→ Record excerpts:
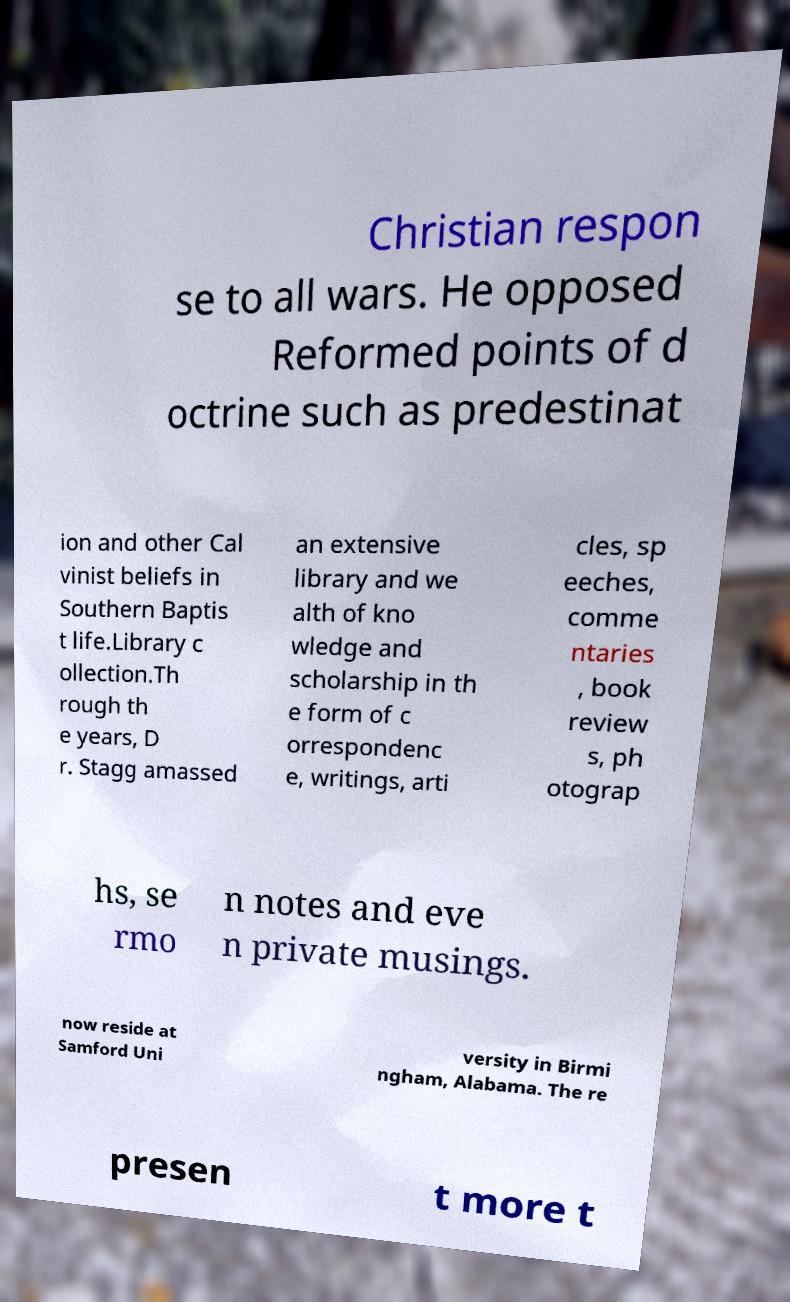Can you accurately transcribe the text from the provided image for me? Christian respon se to all wars. He opposed Reformed points of d octrine such as predestinat ion and other Cal vinist beliefs in Southern Baptis t life.Library c ollection.Th rough th e years, D r. Stagg amassed an extensive library and we alth of kno wledge and scholarship in th e form of c orrespondenc e, writings, arti cles, sp eeches, comme ntaries , book review s, ph otograp hs, se rmo n notes and eve n private musings. now reside at Samford Uni versity in Birmi ngham, Alabama. The re presen t more t 
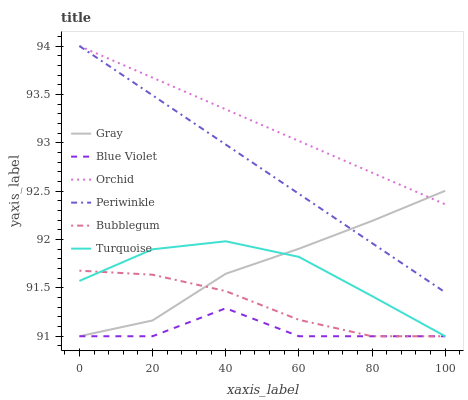Does Blue Violet have the minimum area under the curve?
Answer yes or no. Yes. Does Orchid have the maximum area under the curve?
Answer yes or no. Yes. Does Turquoise have the minimum area under the curve?
Answer yes or no. No. Does Turquoise have the maximum area under the curve?
Answer yes or no. No. Is Orchid the smoothest?
Answer yes or no. Yes. Is Blue Violet the roughest?
Answer yes or no. Yes. Is Turquoise the smoothest?
Answer yes or no. No. Is Turquoise the roughest?
Answer yes or no. No. Does Gray have the lowest value?
Answer yes or no. Yes. Does Periwinkle have the lowest value?
Answer yes or no. No. Does Orchid have the highest value?
Answer yes or no. Yes. Does Turquoise have the highest value?
Answer yes or no. No. Is Bubblegum less than Periwinkle?
Answer yes or no. Yes. Is Orchid greater than Bubblegum?
Answer yes or no. Yes. Does Gray intersect Periwinkle?
Answer yes or no. Yes. Is Gray less than Periwinkle?
Answer yes or no. No. Is Gray greater than Periwinkle?
Answer yes or no. No. Does Bubblegum intersect Periwinkle?
Answer yes or no. No.

→ What you should do: Search the material above for lines containing the string "intersect", then pull them out.

→ Answer to this exercise:
Answer yes or no. Yes. Does Gray intersect Periwinkle?
Answer yes or no. No. Does Bubblegum intersect Periwinkle?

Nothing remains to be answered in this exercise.